ところが、いざ問題が顕在化すると、その影響を現場がもろに受けてしまいます。
このような見えない問題を掘り起こすのに威力を発揮する、FMEA(failure mode and effect analysis:故障モードと影響解析)という手法があります。
製品や生産工程について、あらかじめ想定できる問題を可能な限り洗い出して、未然に問題の芽を摘んでおくというものです。
FMEAは一時ブームにもなった手法で、みなさんの中にもよくご存知の人がいると思います。
しかし、表の細かい体裁を整えるだけで息切れして、肝心の改善活動への展開には至らないままに資料が棚の奥でホコリをかぶっている例をよく見ます。
品質の改善手法というのは、どうもこんなふうに形だけで目的を考えていないという悪い傾向があります。
FMEAを使って改善するのは結構ですが、その前にまず、問題を発掘する意識を持ちましょう。
そういう意識なしでかしこまった手法に飛びつくから目的がよくわからない資料作りに終わってしまうのです。
問題を発掘する意識とは、こんなトラブルの種があると気付く注意深さ、洞察力……
こんな不具合が起こるかもしれない、起きたら大変なことになると気付く想像力・発想力…
それは、言わば問題の予知能力です。
そのようになってからFMEAを展開しても遅くありません。
というより、その方がFMEAを上手に使いこなすことができます。
問題解決というのは、型にはまった手法でも教科書に書いてある方程式でもなく、最後は一人ひとりの発想力、アイディアの勝負です。
そのアイディアを出すコツというのは、単に頭が柔らかいというだけでなく、目的を考える姿勢が大事なのです。
考える姿勢とは……例えば、いつも作業にムダはないか、どうしたらもっと楽にできるようになるだろうかと考える姿勢……これをモーションマインド(motion-mind)と呼んでいます。
有名なのはアメリカのギルブレスという人のレンガ積み作業の改善です。
まもなく20世紀が始まろうかとしていた頃の話……。
レンガ積み職人の見習いとなった若きギルブレス青年は、早く一人前になろうと先輩職人たちの仕事ぶりをじっと観察していたところ、もっと能率的なやり方があることに気付いた。
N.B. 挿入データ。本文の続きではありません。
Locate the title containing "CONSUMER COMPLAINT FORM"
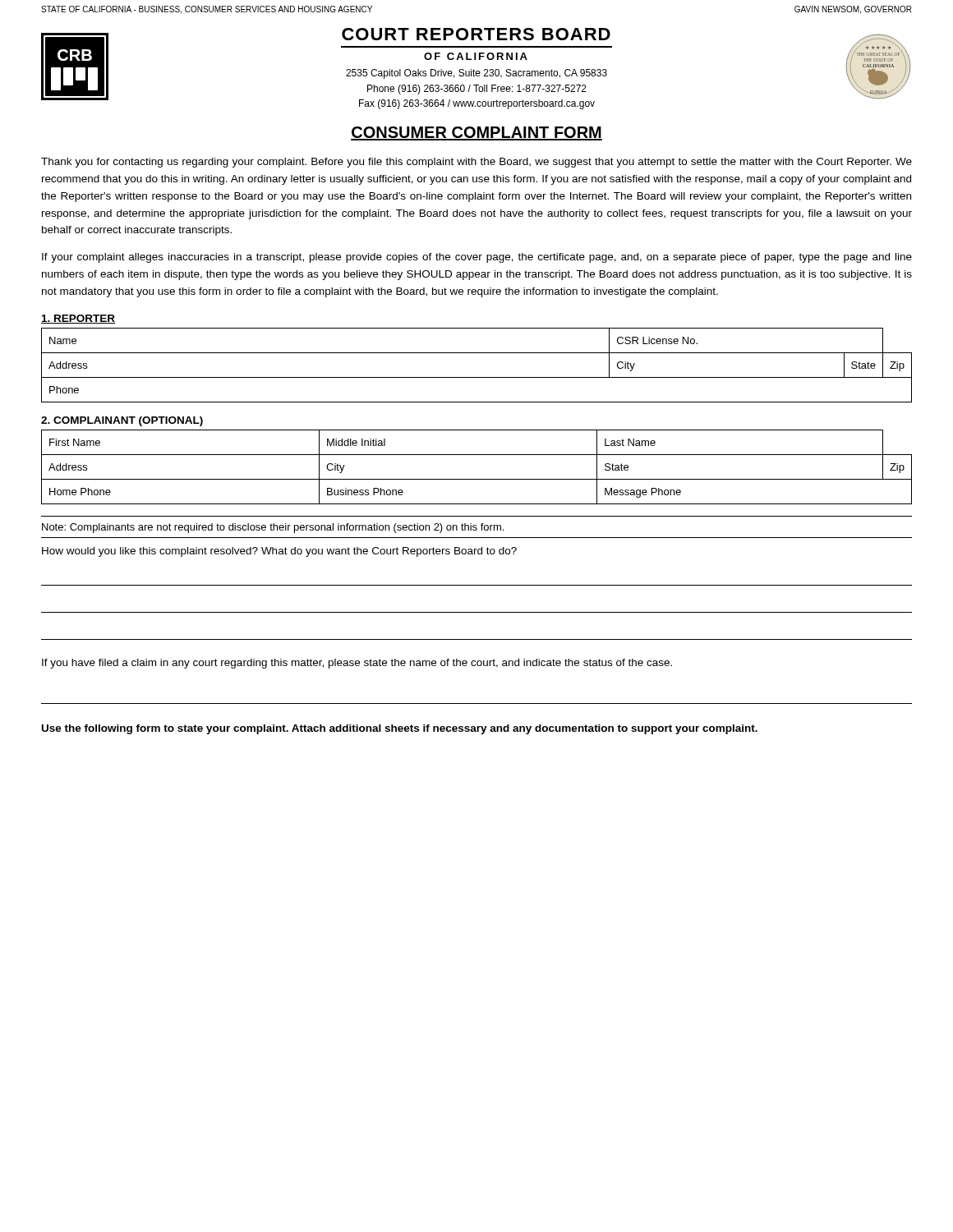Viewport: 953px width, 1232px height. click(x=476, y=132)
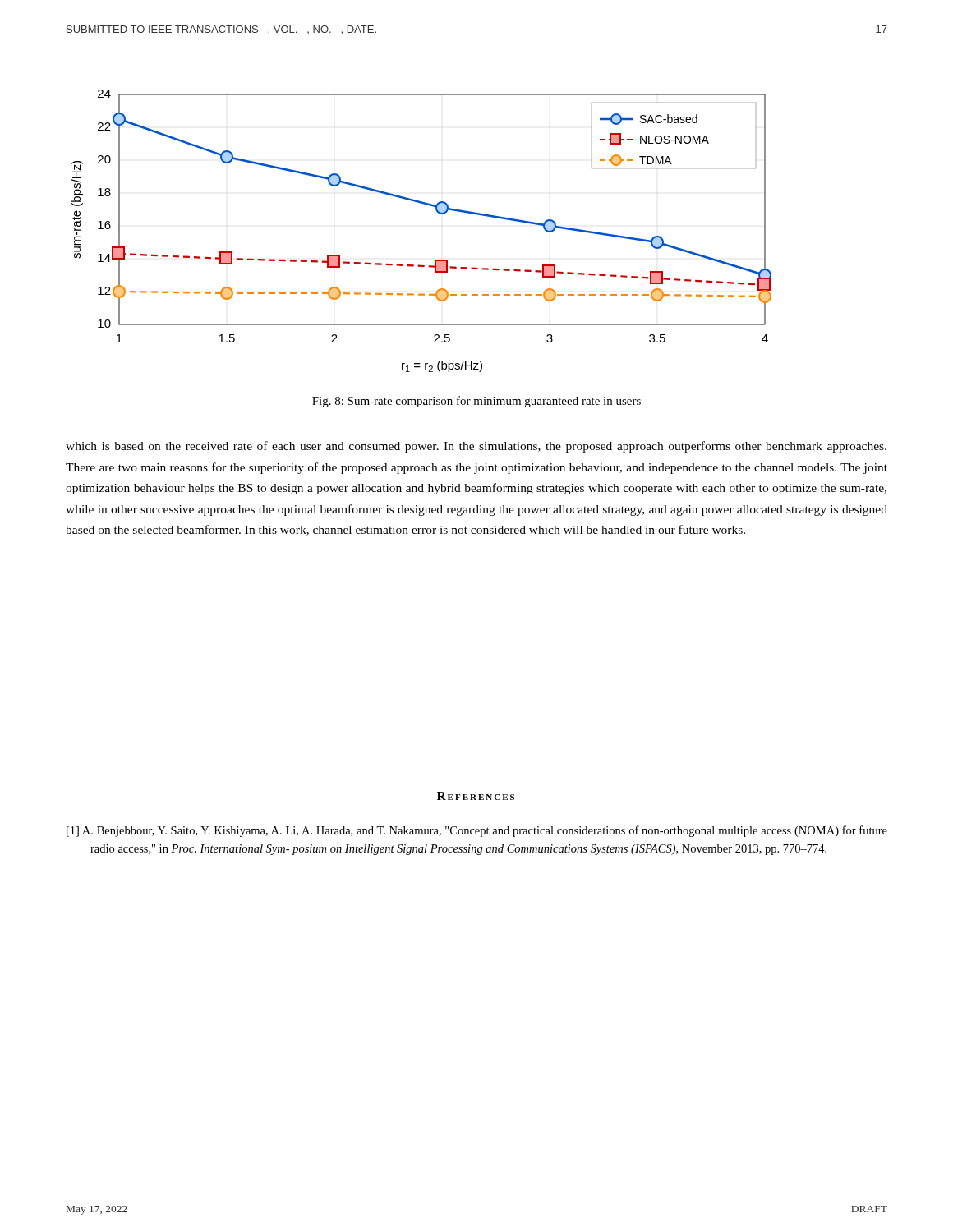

そのアイディアを親方に話して実際にやってみたところ、1/3以下の時間でムリなく作業ができるようになり、2000年以上の伝統を誇るレンガ積み作業のやり方に一大変革をもたらした。
というわけです。
ギルブレス青年はその後、サーブリッグという動作分析の手法を編み出して、IEの創始者の一人として歴史に名を残したことは、みなさんもよくご存知の話。
みなさんにもギルブレスと同じように、考える姿勢を持ってほしいわけです。
ここでは、どうしたら問題を見つけやすくできるか、パッと見てわかるようにできるだろうかと考える姿勢……。
これをビジュアルマインド(visual-mind)と呼びます。
簡単な例で言うと、会社では問題解決に限らず、色々なデータを取って業務やマネジメントの判断に使っています。
明細のままのデータとグラフや図に加工したデータと、どちらがスピーディーな判断ができるかといえば、もちろん後者の方です。
このほかにも、
等々は、代表的なビジュアルマインドの例です。
ビジュアルマインドは後述する問題解決の対策を考えるヒントにもなります。
今から考える姿勢を身に付けて、アイディアを出す練習をしましょう。
楽屋裏話 by『面白狩り』編集長
低いレベルの会社は、とにかく顕在している不良・トラブルを最優先に解決しなければなりません。
ところが、その苦労をあざ笑うかのように、ある日突発的に大きな不具合が発生し、工場全体がそれに掛かりきりになって、改善活動などすっかり忘られてやらなくなってしまうのです。いつまでたってもこの繰り返しで、なかなかレベルアップできないのがレベル0~1の会社のつらいところ。
しかし、突発不良を現場だけの責任にしていては、この悪循環を断ち切ることはできません。これを打破するのは、やはりマネジメントの力です。マネジメントが常に問題意識を持って品質を考えることで、問題を事前に回避できるか、あるいは被害を最小限に食い止められるかどうかが決まってくるのです。